Great Rail Journeys
- Company type: Private
- Industry: Tour operator
- Founded: 1973
- Headquarters: York, UK.
- Key people: Dave Riley (CEO); Jonathan Skolnick (CFO); Lisa Wood (Marketing Director); Julian Appleyard (Commercial Director); Kerry Jenkins (IT Director); Steve Lee (Operations Director)
- Products: Escorted Rail Tours
- Owner: Duke Street
- Number of employees: 130+
- Subsidiaries: Rail Discoveries, GRJ Independent, Great Cruise Journeys, Vacations By Rail
- Website: www.greatrail.com

= Great Rail Journeys =

Tourism in the United Kingdom

Great Rail Journeys, based in York, United Kingdom, is a tour operator that offers escorted worldwide rail tour holidays.
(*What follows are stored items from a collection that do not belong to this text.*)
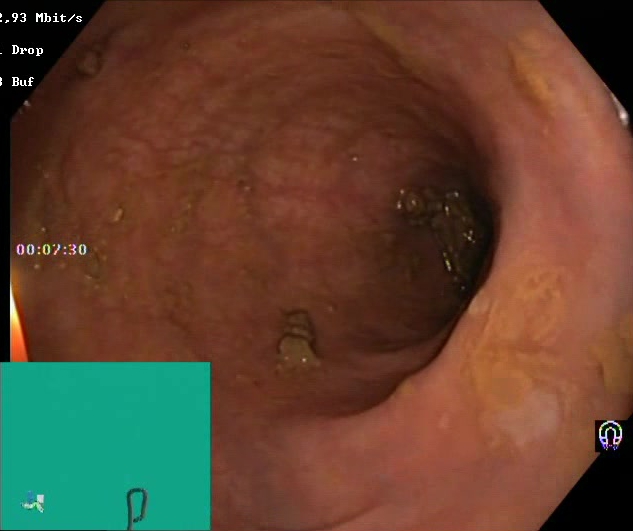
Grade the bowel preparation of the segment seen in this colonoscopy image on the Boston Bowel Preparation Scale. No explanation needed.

Boston Bowel Preparation Scale score 0–1 (inadequate preparation)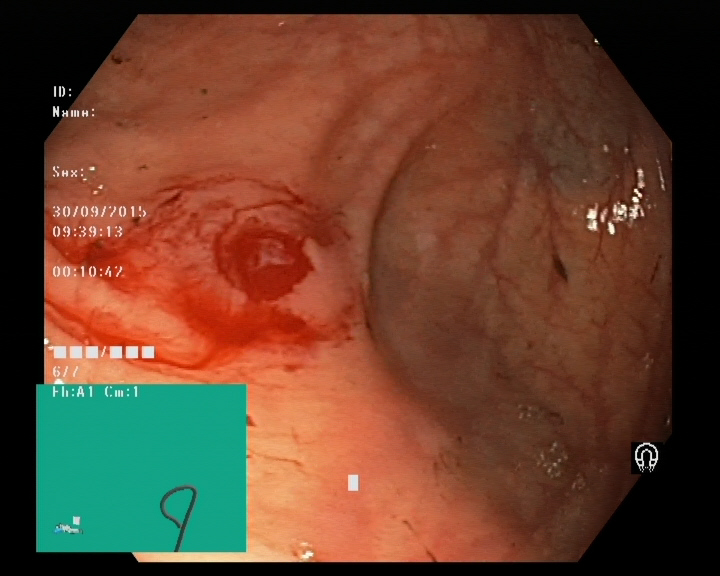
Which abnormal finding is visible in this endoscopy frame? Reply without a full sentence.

blood in the lumen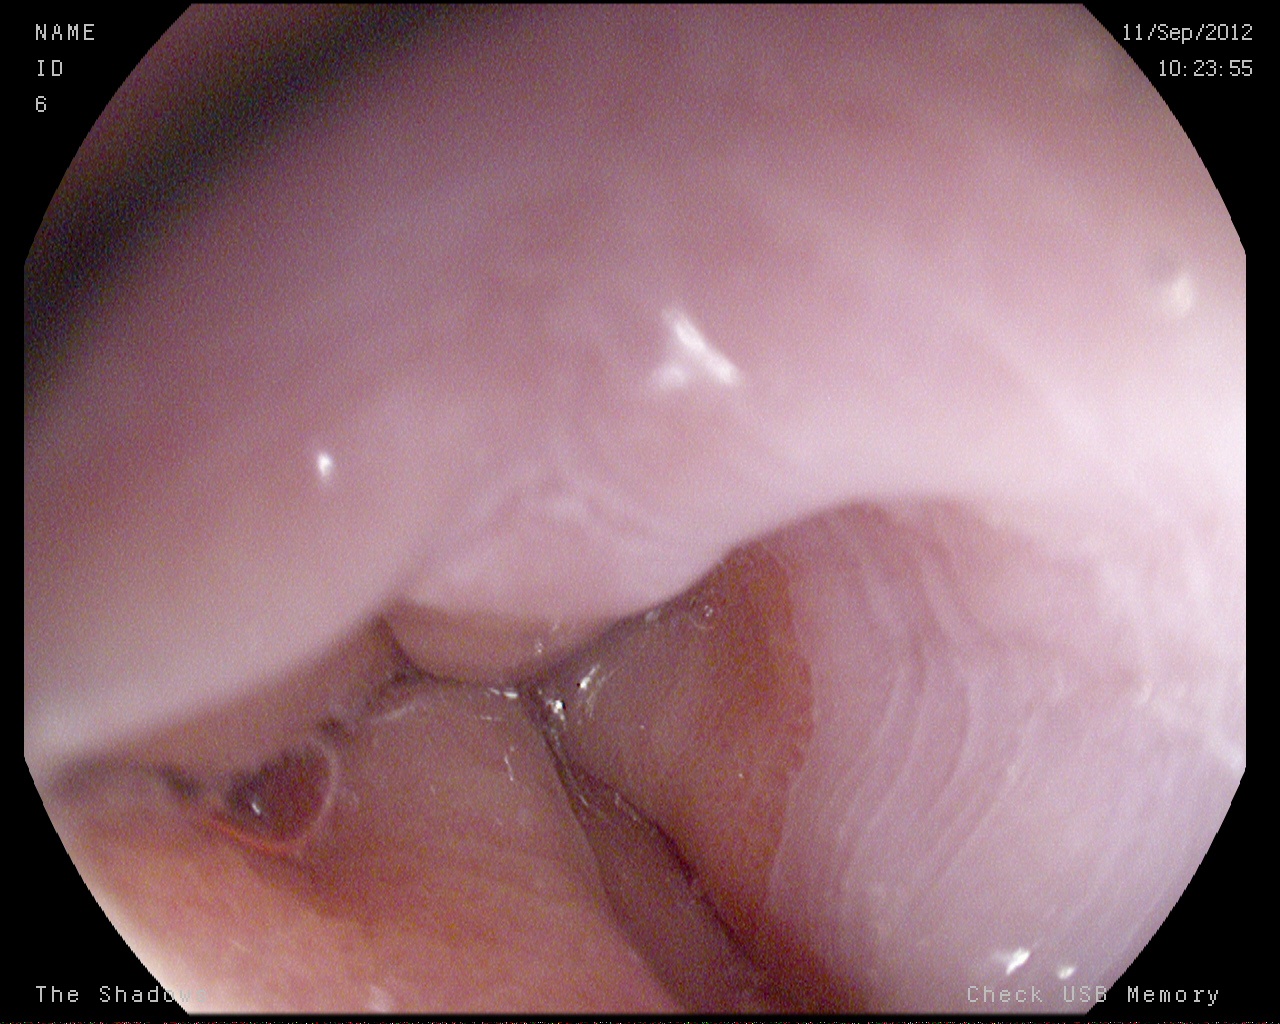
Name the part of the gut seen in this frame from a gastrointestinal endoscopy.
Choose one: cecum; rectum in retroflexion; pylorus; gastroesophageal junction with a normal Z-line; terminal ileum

gastroesophageal junction with a normal Z-line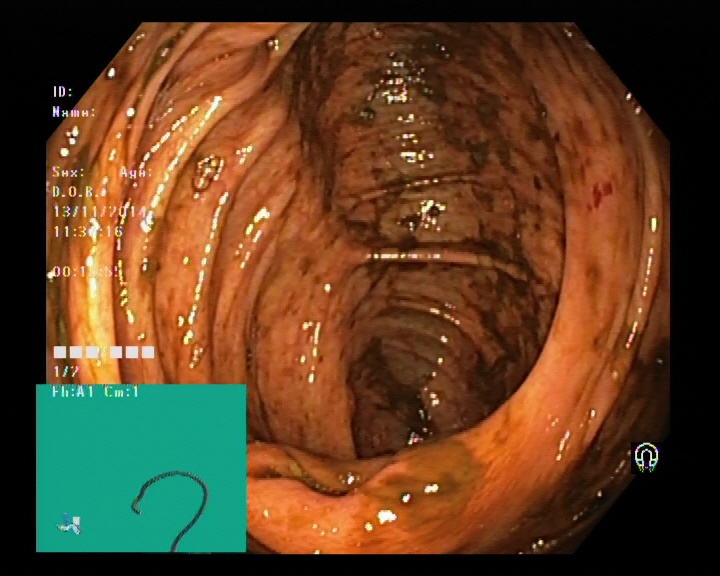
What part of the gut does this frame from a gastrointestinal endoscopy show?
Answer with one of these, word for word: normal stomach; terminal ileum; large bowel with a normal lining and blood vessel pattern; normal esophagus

large bowel with a normal lining and blood vessel pattern

The company is Association of British Travel Agents (ABTA) and Air Travel Organisers' Licensing (ATOL)-bonded and is a member of the Association of Independent Tour Operators (AITO).

==History==

Previous owner, ECI Partners, sold its stake in Great Rail Journeys in July 2018. Duke Street Capital, the UK based mid-market private equity firm, acquired Great Rail Journeys on 2 July 2018 for a sum of around £100million.

In 2018, Great Rail Journeys acquired Vacations By Rail and labelling their journeys in the USA under Vacations By Rail, while shutting down their headquarters in New York and moving their operations to Chicago.